- Pitcher
- Born: June 2, 1938 (age 88) Bakersfield, California, U.S.
- Batted: LeftThrew: Left

MLB debut
- April 17, 1964, for the Chicago Cubs

Last MLB appearance
- September 11, 1964, for the Chicago Cubs

MLB statistics
- Earned run average: 3.50
- Record: 0-0
- Strikeouts: 8
- Stats at Baseball Reference

Teams
- Chicago Cubs (1964);

= Lee Gregory (baseball) =

American baseball player (born 1938)

Grover Leroy Gregory (born June 2, 1938) is an American former Major League Baseball pitcher and pinch hitter who played for the Chicago Cubs in 1964. Gregory was born on June 2, 1938, in Bakersfield, California. He was 6'1", 180 pounds, and he threw and batted left-handed. Gregory attended Fresno State University.

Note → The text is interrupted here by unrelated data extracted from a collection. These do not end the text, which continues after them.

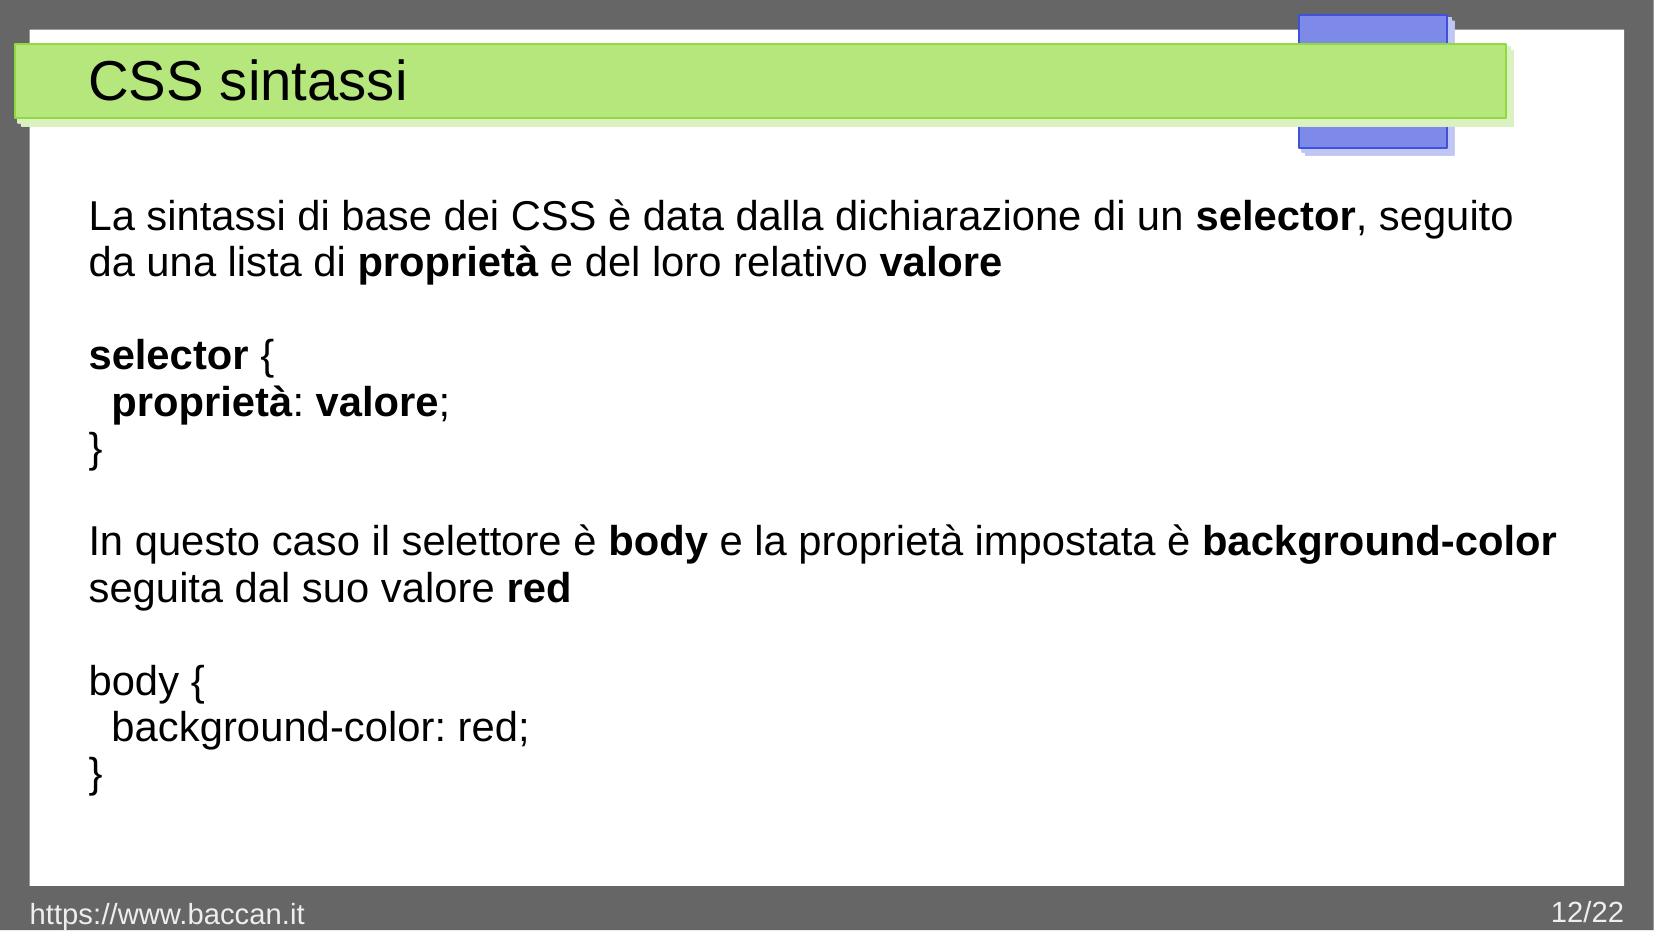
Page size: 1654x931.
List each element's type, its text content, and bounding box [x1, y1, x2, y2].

title CSS sintassi [88, 44, 1506, 119]
text_box La sintassi di base dei CSS è data dalla dichiarazione di un selector, seguito da una lista di proprietà e del loro relativo valore selector { proprietà: valore; } In questo caso il selettore è body e la proprietà impostata è background-color seguita dal suo valore red body { background-color: red; } [88, 169, 1565, 820]
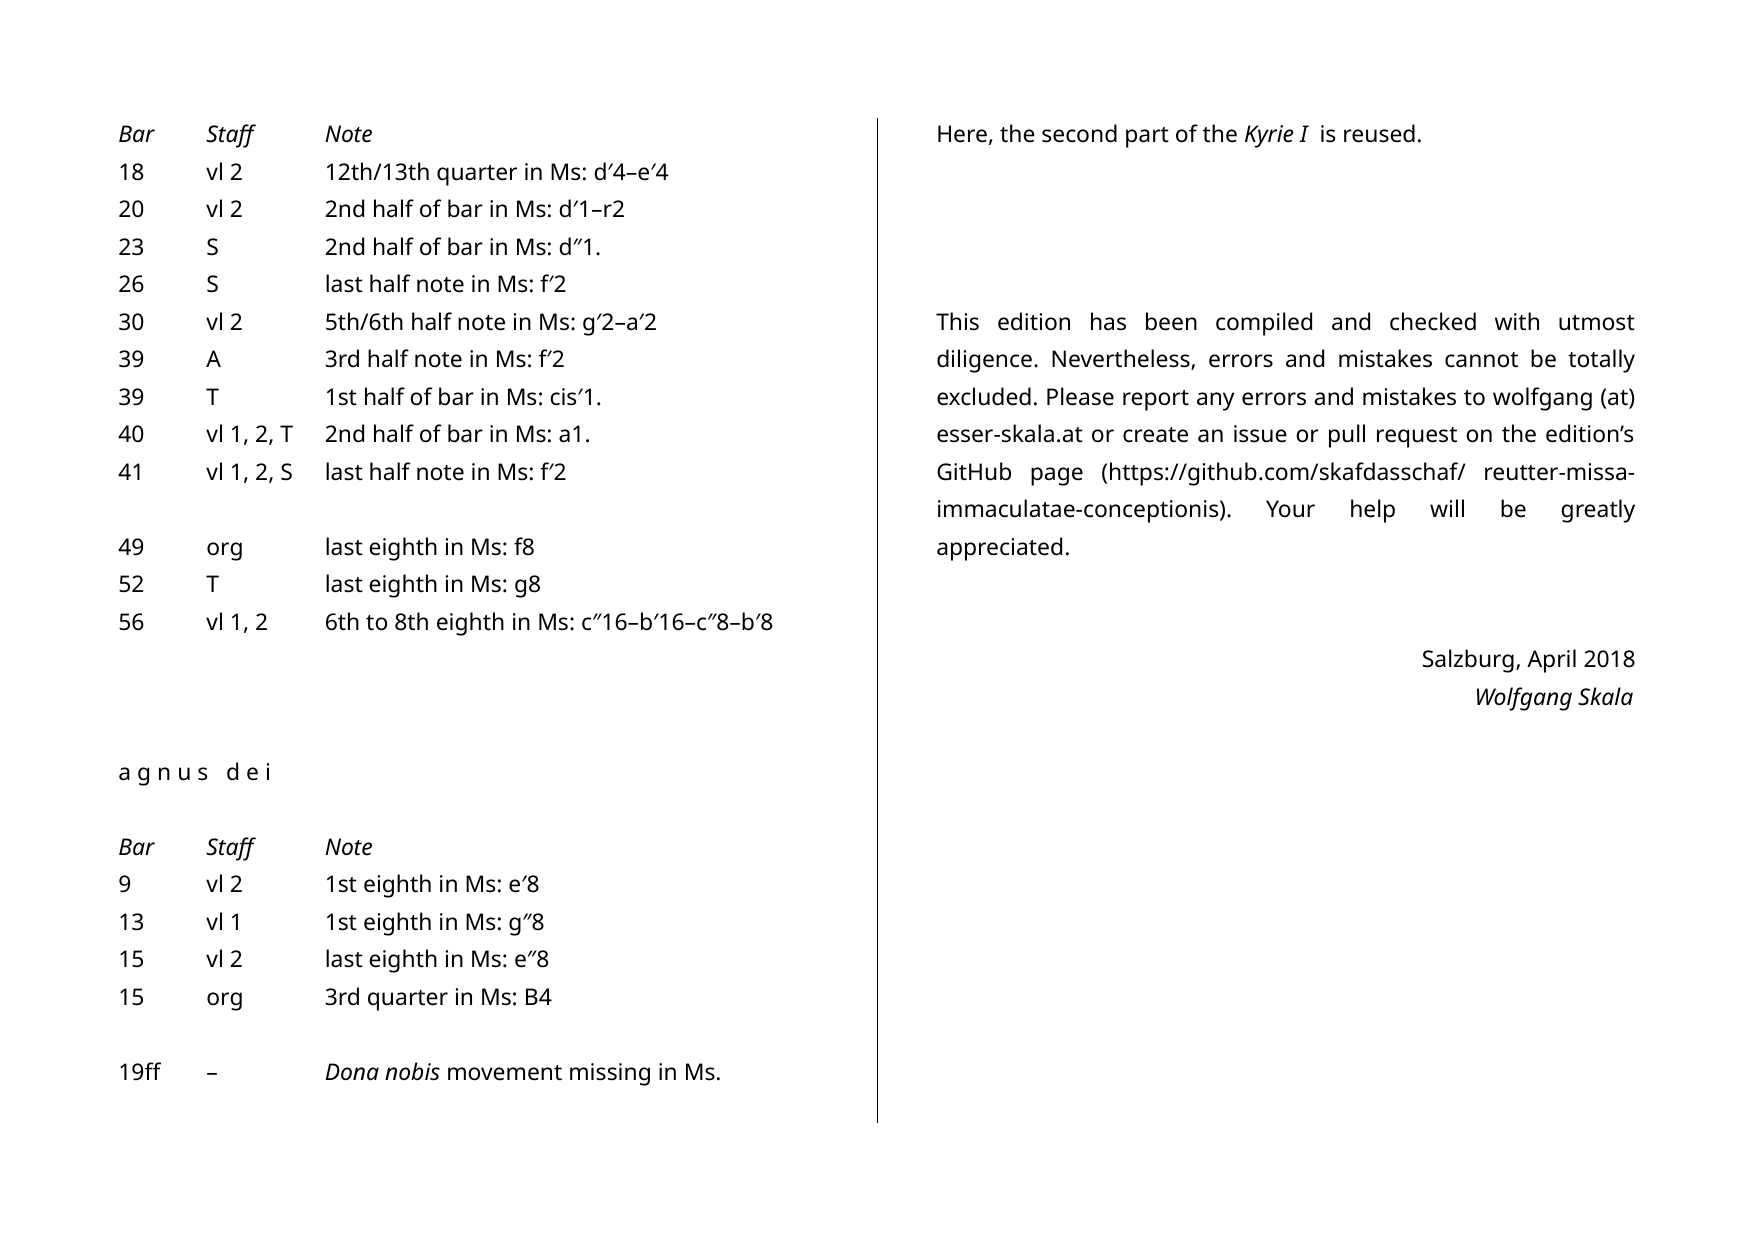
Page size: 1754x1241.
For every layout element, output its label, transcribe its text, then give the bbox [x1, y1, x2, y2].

text Here, the second part of the Kyrie I is reused. [936, 118, 1636, 262]
text This edition has been compiled and checked with utmost diligence. Nevertheless, errors and mistakes cannot be totally excluded. Please report any errors and mistakes to wolfgang (at) esser-skala.at or create an issue or pull request on the edition’s GitHub page (https://github.com/skafdasschaf/ reutter-missa-immaculatae-conceptionis). Your help will be greatly appreciated. [936, 306, 1636, 562]
text Bar Staff Note 9 vl 2 1st eighth in Ms: e′8 13 vl 1 1st eighth in Ms: g″8 15 vl 2 last eighth in Ms: e″8 15 org 3rd quarter in Ms: B4 19ff – Dona nobis movement missing in Ms. [118, 831, 818, 1087]
text Bar Staff Note 18 vl 2 12th/13th quarter in Ms: d′4–e′4 20 vl 2 2nd half of bar in Ms: d′1–r2 23 S 2nd half of bar in Ms: d″1. 26 S last half note in Ms: f′2 30 vl 2 5th/6th half note in Ms: g′2–a′2 39 A 3rd half note in Ms: f′2 39 T 1st half of bar in Ms: cis′1. 40 vl 1, 2, T 2nd half of bar in Ms: a1. 41 vl 1, 2, S last half note in Ms: f′2 49 org last eighth in Ms: f8 52 T last eighth in Ms: g8 56 vl 1, 2 6th to 8th eighth in Ms: c″16–b′16–c″8–b′8 a g n u s d e i [118, 118, 818, 787]
text Salzburg, April 2018 Wolfgang Skala [936, 643, 1636, 712]

Before the 1959 season, Gregory was signed by the St. Louis Cardinals. He spent time in the minors, was released, and before the 1964 season was signed by the Cubs. On April 17, 1964, he made his big league debut at the age of 25 wearing number 28. In 11 games, he pitched 18 innings for a 3.50 ERA. He did not have a decision. He was also used as a pinch hitter. In 13 at-bats, he collected 1 hit for a .077 average. Gregory played his final game on September 11, 1964.

Gregory currently resides in Fresno, California.